Bryan, like many others who are tasked with the responsibility of slaughter, has taken a lot of heat from vegans and vegetarians who view the killing of the animal as cruel. But he believes that eating meat is a natural part of life and something that we, as a people, are going to continue to do. And if meat is going to be eaten, we should do it in a way that respects and honors that life.

“But I look at it as … this is going to happen, people are going to continue to eat meat, they’ve been doing it since the beginning of time and that’s not going to change. But we can change the way that we treat it, that we do it, that we look upon it.”

“What I’m trying to make people understand is there is so much more to it (the slaughter) than people realize and once you experience it, it’s just … that part of it, the whole death part of it, fades away and you connect with that natural circle of life and your inner primal feelings of being a human.”

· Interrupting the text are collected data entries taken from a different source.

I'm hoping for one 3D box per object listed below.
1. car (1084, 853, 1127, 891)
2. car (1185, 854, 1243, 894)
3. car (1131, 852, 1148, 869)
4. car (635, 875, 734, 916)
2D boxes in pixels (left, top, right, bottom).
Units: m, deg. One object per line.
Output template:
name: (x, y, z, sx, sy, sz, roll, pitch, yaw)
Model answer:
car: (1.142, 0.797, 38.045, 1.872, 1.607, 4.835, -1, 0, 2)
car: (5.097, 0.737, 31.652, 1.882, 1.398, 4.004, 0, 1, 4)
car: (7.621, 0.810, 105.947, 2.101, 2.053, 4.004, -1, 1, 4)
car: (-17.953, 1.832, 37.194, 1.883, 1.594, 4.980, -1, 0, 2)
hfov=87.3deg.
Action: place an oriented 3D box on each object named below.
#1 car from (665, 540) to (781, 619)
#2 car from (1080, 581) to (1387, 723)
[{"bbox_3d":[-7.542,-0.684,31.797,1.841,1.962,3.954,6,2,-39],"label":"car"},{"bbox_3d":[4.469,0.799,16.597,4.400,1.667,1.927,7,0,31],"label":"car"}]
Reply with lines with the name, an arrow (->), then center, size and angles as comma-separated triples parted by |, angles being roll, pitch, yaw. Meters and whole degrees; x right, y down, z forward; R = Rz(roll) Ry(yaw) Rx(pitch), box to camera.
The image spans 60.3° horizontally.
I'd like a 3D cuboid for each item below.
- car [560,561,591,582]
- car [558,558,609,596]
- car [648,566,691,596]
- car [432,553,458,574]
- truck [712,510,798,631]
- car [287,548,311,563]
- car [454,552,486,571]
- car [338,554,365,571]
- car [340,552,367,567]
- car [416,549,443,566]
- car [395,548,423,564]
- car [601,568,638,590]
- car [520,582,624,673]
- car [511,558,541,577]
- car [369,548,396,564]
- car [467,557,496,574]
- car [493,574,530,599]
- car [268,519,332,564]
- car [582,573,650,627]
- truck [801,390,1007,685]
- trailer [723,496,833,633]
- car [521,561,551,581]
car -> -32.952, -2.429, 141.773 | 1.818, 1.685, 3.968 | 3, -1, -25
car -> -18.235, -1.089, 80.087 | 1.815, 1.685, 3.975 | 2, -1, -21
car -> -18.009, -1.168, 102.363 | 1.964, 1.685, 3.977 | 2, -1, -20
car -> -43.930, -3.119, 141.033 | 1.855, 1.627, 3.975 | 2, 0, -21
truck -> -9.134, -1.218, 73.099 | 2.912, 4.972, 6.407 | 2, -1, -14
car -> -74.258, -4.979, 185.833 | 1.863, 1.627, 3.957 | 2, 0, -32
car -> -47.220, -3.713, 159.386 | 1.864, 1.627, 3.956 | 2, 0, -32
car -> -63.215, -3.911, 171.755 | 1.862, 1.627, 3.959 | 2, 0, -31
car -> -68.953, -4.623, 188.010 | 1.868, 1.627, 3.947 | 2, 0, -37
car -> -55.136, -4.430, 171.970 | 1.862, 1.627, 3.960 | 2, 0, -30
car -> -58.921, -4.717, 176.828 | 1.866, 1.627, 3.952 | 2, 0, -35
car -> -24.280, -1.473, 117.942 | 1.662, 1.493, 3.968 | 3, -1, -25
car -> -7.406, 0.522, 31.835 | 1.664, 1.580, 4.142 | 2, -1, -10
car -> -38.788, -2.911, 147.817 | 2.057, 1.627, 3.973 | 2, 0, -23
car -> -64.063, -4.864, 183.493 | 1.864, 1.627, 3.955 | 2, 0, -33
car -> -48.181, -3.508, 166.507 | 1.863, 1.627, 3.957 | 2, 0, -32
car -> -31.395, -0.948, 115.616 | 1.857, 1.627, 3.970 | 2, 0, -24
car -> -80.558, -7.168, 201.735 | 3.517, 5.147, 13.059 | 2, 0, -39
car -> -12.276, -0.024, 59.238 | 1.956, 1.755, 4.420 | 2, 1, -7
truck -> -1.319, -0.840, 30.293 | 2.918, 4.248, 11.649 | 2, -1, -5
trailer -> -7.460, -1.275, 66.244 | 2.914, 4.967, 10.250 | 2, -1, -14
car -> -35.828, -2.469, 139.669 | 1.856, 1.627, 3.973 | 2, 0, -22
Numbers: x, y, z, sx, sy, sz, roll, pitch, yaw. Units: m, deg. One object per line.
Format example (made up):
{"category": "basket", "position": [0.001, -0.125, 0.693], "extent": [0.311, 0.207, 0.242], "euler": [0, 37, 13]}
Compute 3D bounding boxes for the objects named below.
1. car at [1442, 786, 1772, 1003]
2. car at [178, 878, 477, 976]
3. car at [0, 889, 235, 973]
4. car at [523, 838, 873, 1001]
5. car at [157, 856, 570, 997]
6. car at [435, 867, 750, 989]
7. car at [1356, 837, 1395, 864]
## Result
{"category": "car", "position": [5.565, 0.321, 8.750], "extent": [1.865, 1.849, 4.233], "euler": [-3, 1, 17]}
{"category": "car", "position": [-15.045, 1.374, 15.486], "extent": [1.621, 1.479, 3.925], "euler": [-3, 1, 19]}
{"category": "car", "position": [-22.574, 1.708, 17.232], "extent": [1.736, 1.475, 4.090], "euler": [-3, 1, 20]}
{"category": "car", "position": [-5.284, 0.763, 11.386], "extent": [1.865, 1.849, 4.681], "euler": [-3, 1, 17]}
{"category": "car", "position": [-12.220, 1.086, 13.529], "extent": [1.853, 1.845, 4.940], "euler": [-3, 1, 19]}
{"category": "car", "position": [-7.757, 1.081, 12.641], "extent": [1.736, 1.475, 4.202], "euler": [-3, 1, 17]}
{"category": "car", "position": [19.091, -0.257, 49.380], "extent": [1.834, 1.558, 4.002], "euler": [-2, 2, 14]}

“Celebrating that life… instead of this morbid, depressing image the world has put on (death) - take that away and celebrate it. There is that grieving, but it’s healthy to move past that and to celebrate that life and appreciate it for what it was. Appreciate what that life gave.”

Boucherie Welcome and Butcher’s Prayer By Bryan Kyzar

Today we honor sacrifice and the traditions of the Boucherie…

We honor the spirits of those who have given themselves for us. Man and beast. Warriors that fight for our safety. Animals that nourish us and our Creator that provides both.

By harvesting our animals, growing our vegetables we gain a deeper respect for life and a pride that only comes from providing for yourself and working together. We must learn to not be dependent on an industry that makes us and the earth unhealthy in so many ways. It is our responsibility to teach others what we have learned here today. The emptiness and displacement many of us feel can be filled by returning to the primal things in life. Grieving. Sacrifice. Hard work. Community. Love. Pride in what you do and the understanding that in order for us to live another life must be given.

Today is a celebration of those who live and those we have lost. It is a celebration of community togetherness and healing.

Prayer:

We thank you, mother earth, for the gifts you have given us. The people we love. The air we breathe The water we drink and the food we eat.

We ask that you give us the strength and wisdom to keep these things sacred and teach others to do so.

We ask for a peaceful transition of the animal spirit we sacrifice today. Let it be willing so that we may live.

We ask that you keep our warriors safe as they perform the task of the harvest. For these here in the physical and those in spirit we pray.